(Beginning of Extracted entries)

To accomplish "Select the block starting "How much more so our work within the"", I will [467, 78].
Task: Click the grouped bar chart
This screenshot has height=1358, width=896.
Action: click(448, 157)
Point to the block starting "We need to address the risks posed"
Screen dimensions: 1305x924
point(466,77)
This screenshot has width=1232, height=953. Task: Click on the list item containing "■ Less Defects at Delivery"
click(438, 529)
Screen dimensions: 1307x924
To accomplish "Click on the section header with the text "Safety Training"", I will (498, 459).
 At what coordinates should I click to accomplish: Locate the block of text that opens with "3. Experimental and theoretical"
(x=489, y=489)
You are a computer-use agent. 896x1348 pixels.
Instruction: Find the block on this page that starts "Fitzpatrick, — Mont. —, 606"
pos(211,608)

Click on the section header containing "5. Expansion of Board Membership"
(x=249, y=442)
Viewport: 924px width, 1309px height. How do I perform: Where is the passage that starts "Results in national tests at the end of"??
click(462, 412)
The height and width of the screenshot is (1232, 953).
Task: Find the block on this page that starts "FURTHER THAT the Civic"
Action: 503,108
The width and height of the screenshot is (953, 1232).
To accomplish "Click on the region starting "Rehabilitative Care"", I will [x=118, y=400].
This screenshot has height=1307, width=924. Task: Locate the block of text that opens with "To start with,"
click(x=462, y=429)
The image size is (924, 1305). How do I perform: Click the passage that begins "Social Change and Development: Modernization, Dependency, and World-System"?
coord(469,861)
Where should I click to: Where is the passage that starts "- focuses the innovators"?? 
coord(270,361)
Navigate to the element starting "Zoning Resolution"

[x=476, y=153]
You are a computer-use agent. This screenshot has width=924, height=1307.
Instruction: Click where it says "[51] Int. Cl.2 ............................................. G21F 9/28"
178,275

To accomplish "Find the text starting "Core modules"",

(End of Extracted entries)

Action item: Copy out the lines above, from the one holding "The image size" through the final line, with no other lines.

Exercise output:
The image size is (924, 1305). How do I perform: Click the passage that begins "Social Change and Development: Modernization, Dependency, and World-System"?
coord(469,861)
Where should I click to: Where is the passage that starts "- focuses the innovators"?? 
coord(270,361)
Navigate to the element starting "Zoning Resolution"

[x=476, y=153]
You are a computer-use agent. This screenshot has width=924, height=1307.
Instruction: Click where it says "[51] Int. Cl.2 ............................................. G21F 9/28"
178,275

To accomplish "Find the text starting "Core modules"",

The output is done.